There is exactly one unbounded store and one bounded store. No third copy, no "agent's idea of history" drifting from "the log's idea of history." The rendered context the agent keeps and the thing it sends the model are the same bounded object, a projection of the log.
Consequence: agent footprint is flat in conversation length and linear in the active agent count (managed by eviction), not in total history.
User sees the log; the model sees the projection
A deliberate, correct divergence: scrolling up shows the true historical message
from the log; the model gets the compacted projection. They answer different
questions ("what was said" vs "what fits the budget"). The practical upshot is a
debugging rule: when chasing "why did it forget X," pull from model_calls (what
was actually rendered to the model that turn), not from what's on screen. That's
what the optional audit table is for.
Sizing: bound by tokens, not message count
"Keep N messages" is the wrong knob — one 50 KB tool result is worth ~200 chat messages. The working set is bounded by a token budget, and message count floats under it.
Conversion at ~4 bytes/token and a mixed average of ~200 tokens/message:
| Working budget | ≈ messages |
|---|---|
| ~16K tokens | ~80 |
| ~32K tokens | ~160 |
| ~64K tokens | ~320 |
Default planning number: ~30K-token working window ≈ 100–150 chat messages. Tool-heavy conversations hold fewer distinct events but more tokens each — except the retention reducer stubs old tool results down to ~10 tokens, so many stubbed pairs cost almost nothing and the count can run higher.
When compaction triggers
Two triggers; for a tool-centric agent the cheap one dominates:
- The deterministic reducers (tool-result retention, sliding window) run on every assembly — they're free, so they're never gated.
- Expensive summarization fires only when the verbatim tail exceeds the working budget — a cost knob set well below the model ceiling, since every context token is re-billed every turn. Default working budget ~25–50K tokens; hard ceiling ~70–75% of the model window as the never-exceed guard that approximate token-counting's safety margin protects.
Memory per gen_statem
Text content lives in refc binaries: anything over 64 bytes (essentially every
message) goes to the shared binary heap as a ref-counted binary, so the process
heap holds a ~56-byte pointer, not the bytes. The dominant cost is binary, and if
the working set is kept as a ReqLLM.Context of message structs (not a
pre-concatenated prompt string), the same binaries are shared between the message
list and the assembled context rather than duplicated.
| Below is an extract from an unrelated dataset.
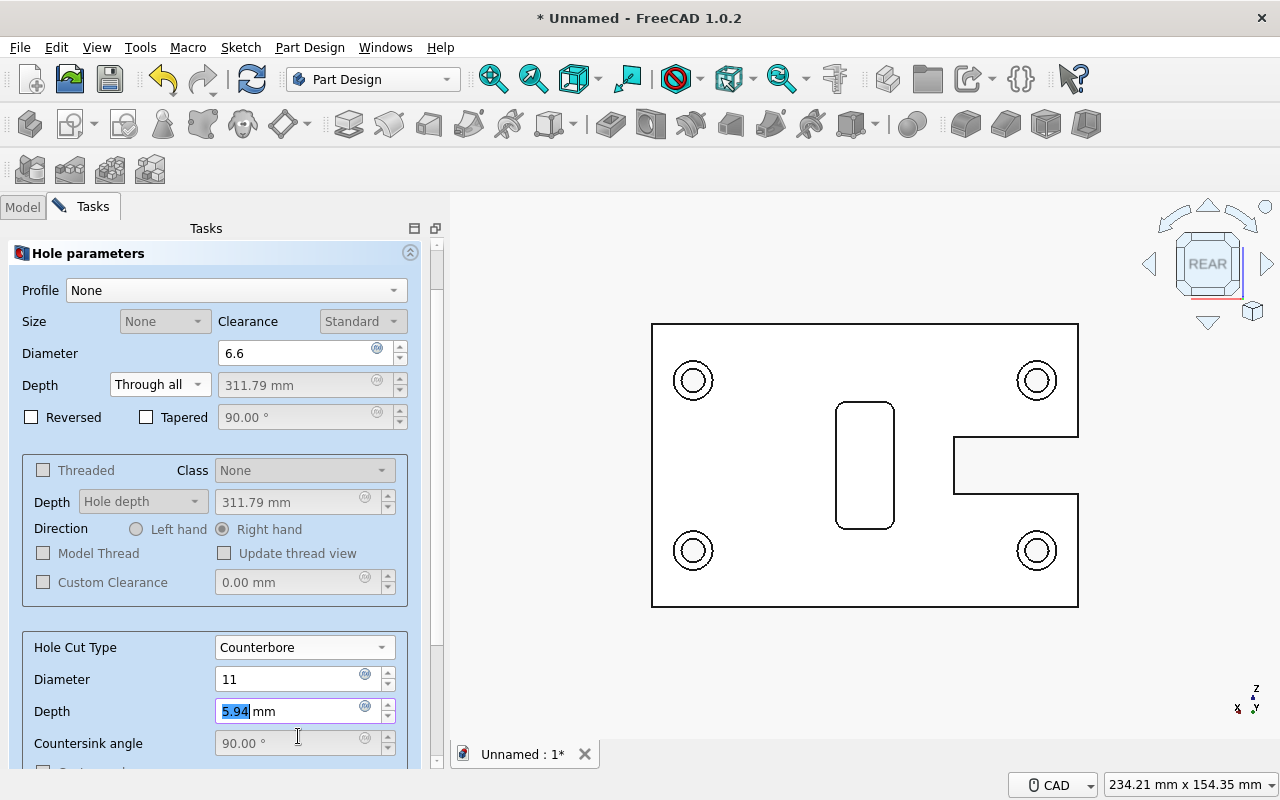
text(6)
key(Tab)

For a ~32K-token chat working set (~160 messages):
| Component | ≈ size |
|---|---|
| Text binaries (refc, shared heap) | ~128 KB |
| Struct skeletons (~160 × ~300 B) | ~50 KB |
fsm_state + gen_statem baseline | ~5–10 KB |
| Live data | ~180 KB |
Typical 150–250 KB for an active chat agent. Between GC sweeps RSS runs ~1.5–2×, so budget ~300–400 KB. Tool-heavy with a few large recent results still in full (say 3 × 6K tokens before they age out) adds ~70 KB plus cheap stubs → ~300–600 KB.
Scaling sanity check (text isn't shared across conversations, so it's linear in the active set):
| Active agents | ≈ memory |
|---|---|
| 1,000 | ~200 MB |
| 10,000 | ~2 GB |
Which is exactly why eviction to the log earns its keep, and why footprint must stay flat in length.
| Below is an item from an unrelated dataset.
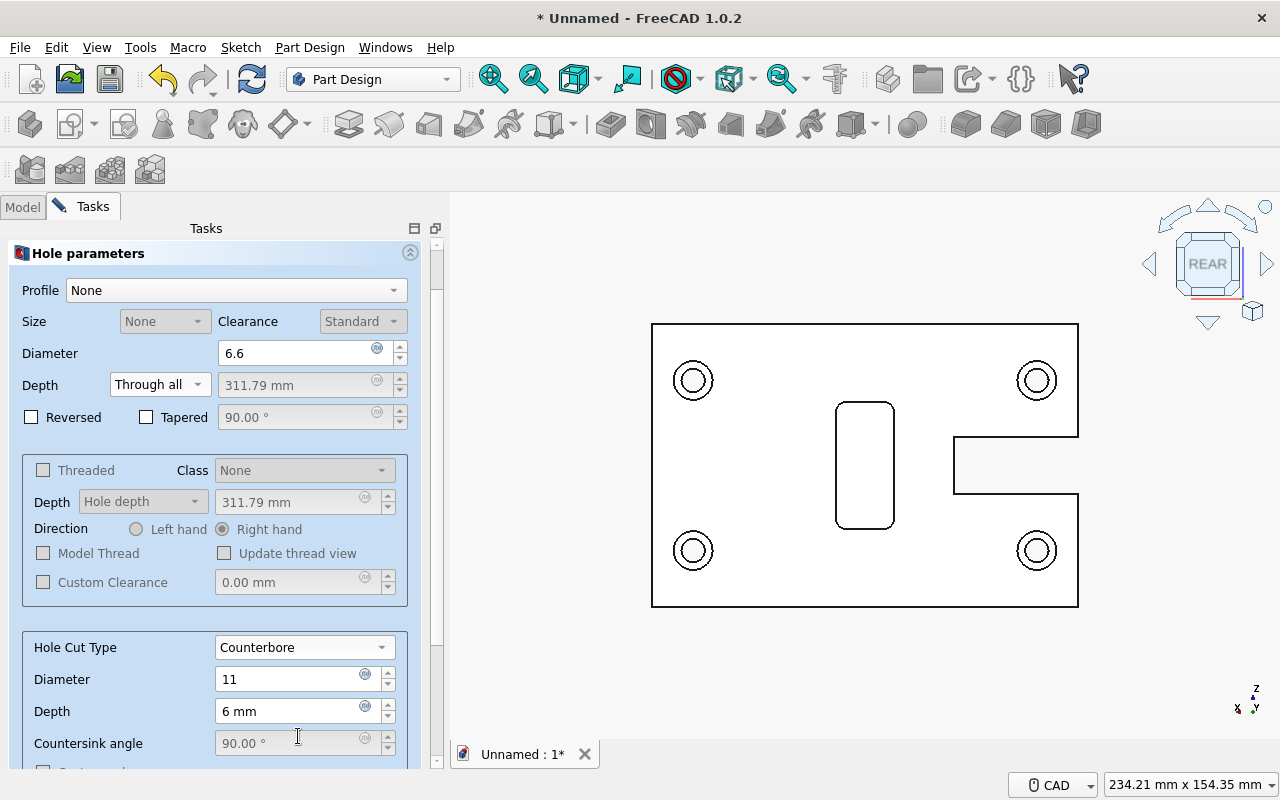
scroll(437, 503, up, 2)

Constraints this imposes (honor from day one)
- Keep the working set as
ReqLLM.Context, never a concatenated prompt string. Concatenating doubles the footprint and breaks binary sharing. - Keep the in-memory message struct lean. Per-turn usage, latency, and audit go
to
model_callson disk, not into the in-memory struct — otherwise every process carries data only the debugger wants. - Hibernate before evicting. See
01— hibernate compacts the heap for agents parked inawaiting_input; full idle terminates and persists to the log.